Changed to a persistent queue from a per-level queue, added MaxPages configuration option and tweaked final output

Open williamjulianvicary opened this issue 5 years ago • 0 comments

This change moves the concept of depth to the currently active URL, to enable continuous crawling. Before this change, the crawl speed is only as quick as the slowest URL within the current depth. For example, a timeout of 30 seconds on a URL at a given depth, would be blocking.
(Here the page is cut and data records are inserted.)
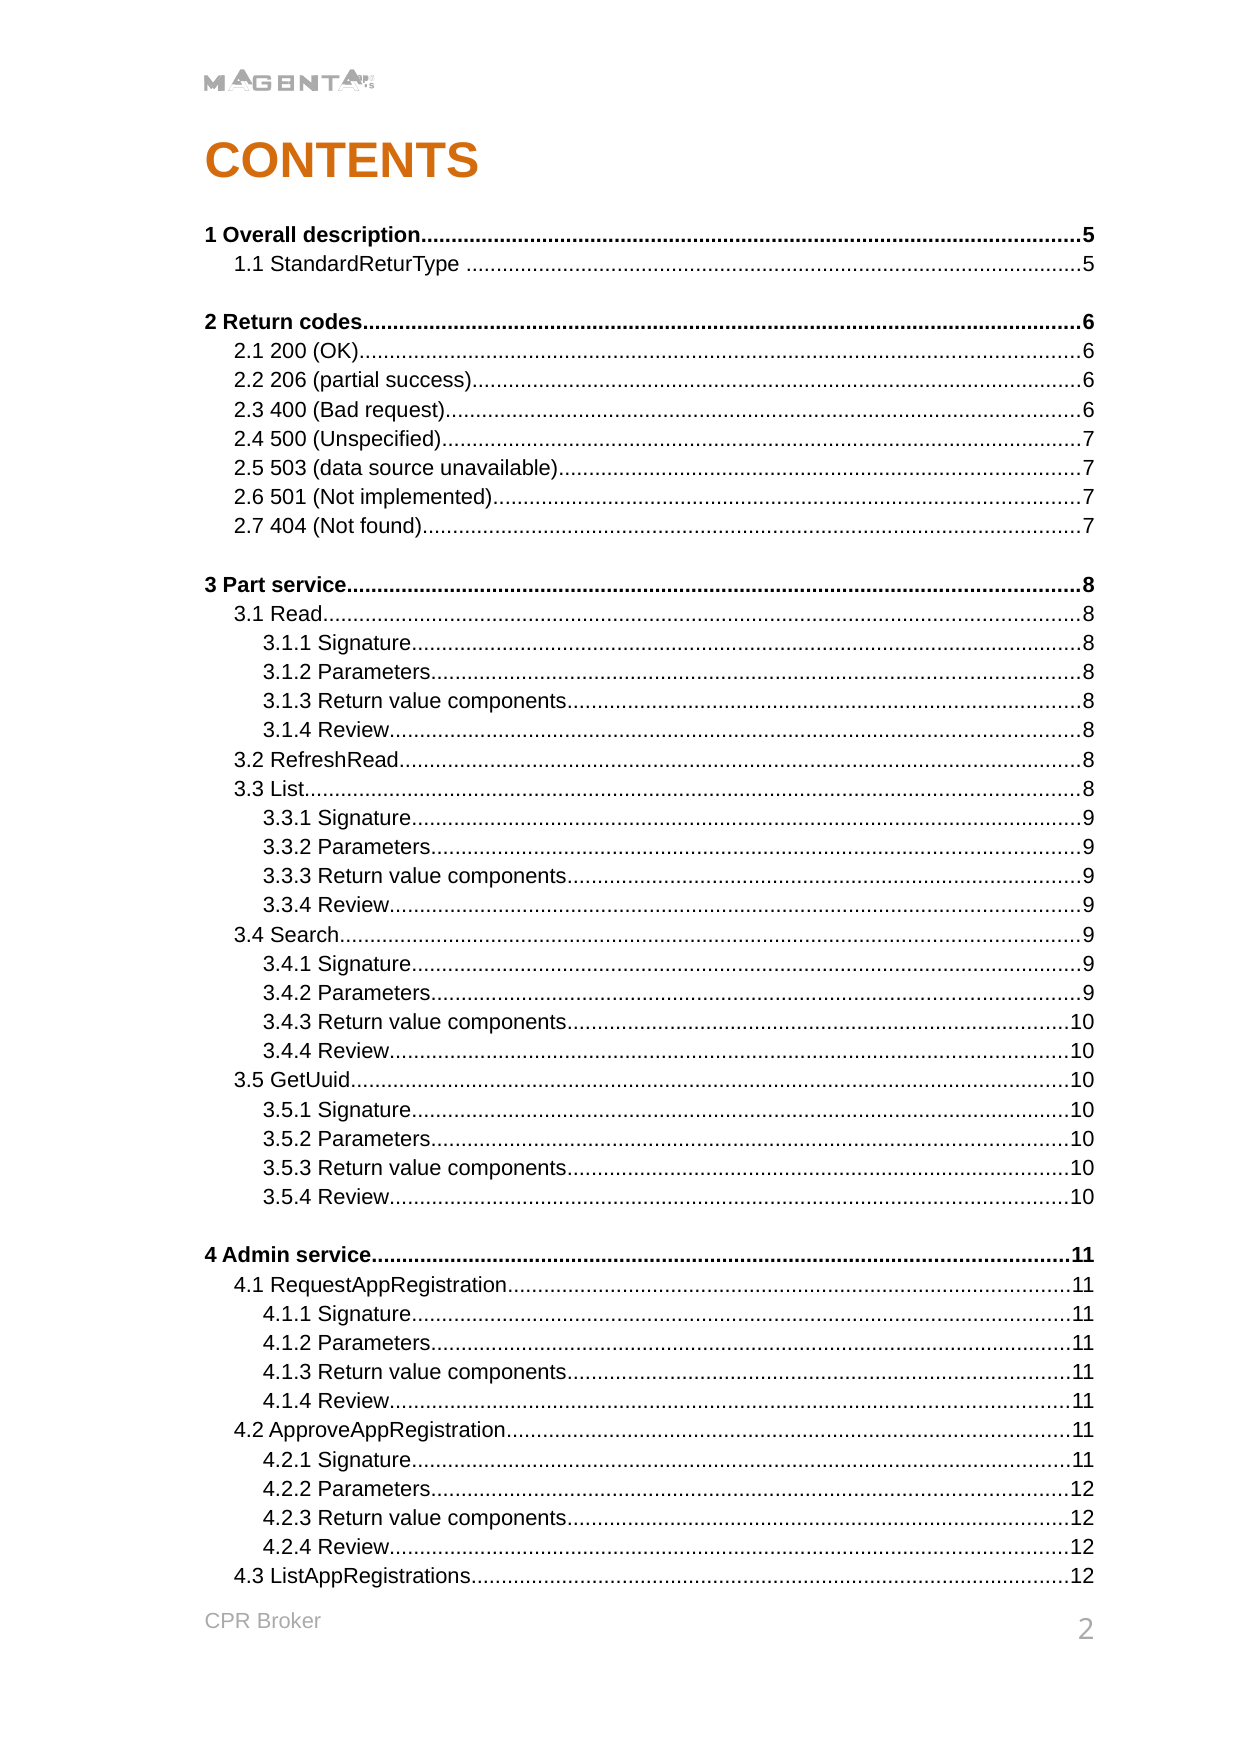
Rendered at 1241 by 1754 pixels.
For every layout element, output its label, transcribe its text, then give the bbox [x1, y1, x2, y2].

text 1.1 StandardReturType 5 [233, 248, 1094, 277]
text 2.4 500 (Unspecified) 7 [233, 423, 1094, 452]
text 3.5.4 Review 10 [263, 1181, 1094, 1210]
text 4.2.3 Return value components 12 [263, 1502, 1094, 1531]
text 3.3.1 Signature 9 [263, 802, 1094, 831]
text 4.2.4 Review 12 [263, 1531, 1094, 1560]
text 2.7 404 (Not found) 7 [233, 510, 1094, 539]
text 2.5 503 (data source unavailable) 7 [233, 452, 1094, 481]
text 3.2 RefreshRead 8 [233, 744, 1094, 773]
text 3.1 Read 8 [233, 598, 1094, 627]
text 3.1.4 Review 8 [263, 714, 1094, 744]
text 2.3 400 (Bad request) 6 [233, 394, 1094, 423]
text 3.5.1 Signature 10 [263, 1094, 1094, 1123]
text 2.1 200 (OK) 6 [233, 335, 1094, 364]
text 3.3.4 Review 9 [263, 889, 1094, 919]
text 2.2 206 (partial success) 6 [233, 364, 1094, 394]
text 3.4 Search 9 [233, 919, 1094, 948]
text 3 Part service 8 [204, 569, 1094, 598]
text 4.1.3 Return value components 11 [263, 1356, 1094, 1385]
text 4.3 ListAppRegistrations 12 [233, 1560, 1094, 1589]
text 3.3.2 Parameters 9 [263, 831, 1094, 860]
text 4.1.4 Review 11 [263, 1385, 1094, 1414]
text 4.1 RequestAppRegistration 11 [233, 1269, 1094, 1298]
text 3.5.3 Return value components 10 [263, 1152, 1094, 1181]
text 4 Admin service 11 [204, 1239, 1094, 1269]
text 1 Overall description 5 [204, 219, 1094, 248]
text 3.5.2 Parameters 10 [263, 1123, 1094, 1152]
text 4.2 ApproveAppRegistration 11 [233, 1414, 1094, 1444]
text 2.6 501 (Not implemented) 7 [233, 481, 1094, 510]
text 3.5 GetUuid 10 [233, 1064, 1094, 1094]
text 3.1.3 Return value components 8 [263, 685, 1094, 714]
text 3.3 List 8 [233, 773, 1094, 802]
text 3.1.1 Signature 8 [263, 627, 1094, 656]
subtitle Contents [204, 131, 1094, 189]
text 4.2.2 Parameters 12 [263, 1473, 1094, 1502]
text 3.4.4 Review 10 [263, 1035, 1094, 1064]
text 4.1.1 Signature 11 [263, 1298, 1094, 1327]
text 2 Return codes 6 [204, 306, 1094, 335]
text 4.1.2 Parameters 11 [263, 1327, 1094, 1356]
text 3.4.1 Signature 9 [263, 948, 1094, 977]
text 3.4.2 Parameters 9 [263, 977, 1094, 1006]
text 3.1.2 Parameters 8 [263, 656, 1094, 685]
text 3.4.3 Return value components 10 [263, 1006, 1094, 1035]
text 4.2.1 Signature 11 [263, 1444, 1094, 1473]
text 3.3.3 Return value components 9 [263, 860, 1094, 889]

This may have been a design choice as there are some clear downsides to this approach; potential for queue bloat and higher ram usage, plus a potential race condition on the accuracy of depth dependent on the speed at which URLs are processed. However on the flip side, this will dramatically increase the performance on websites with slower pages.

Overview of changes:

The queue uses a struct which maintains awareness of the depth
Concept of nextqueue removed
Crawler is no longer aware of the current depth, instead each URL is aware of it's own depth and when merging in new links, this depth is incremented for the future queued urls.

Edit: I accidentally used master for these changes rather than a branch, I can revert and post separate PR's if you'd prefer, but I've also added in a MaxPages configuration option and updated the readme to cover the new functionality. This works by checking the length of the seen URLs within the merge method, skipping merging when the seen count exceeds the MaxPages setting. This is handy for very large websites where you want to limit the scope of the crawl beyond depth/include/exclude rules.

Feb 09 '20 21:02 williamjulianvicary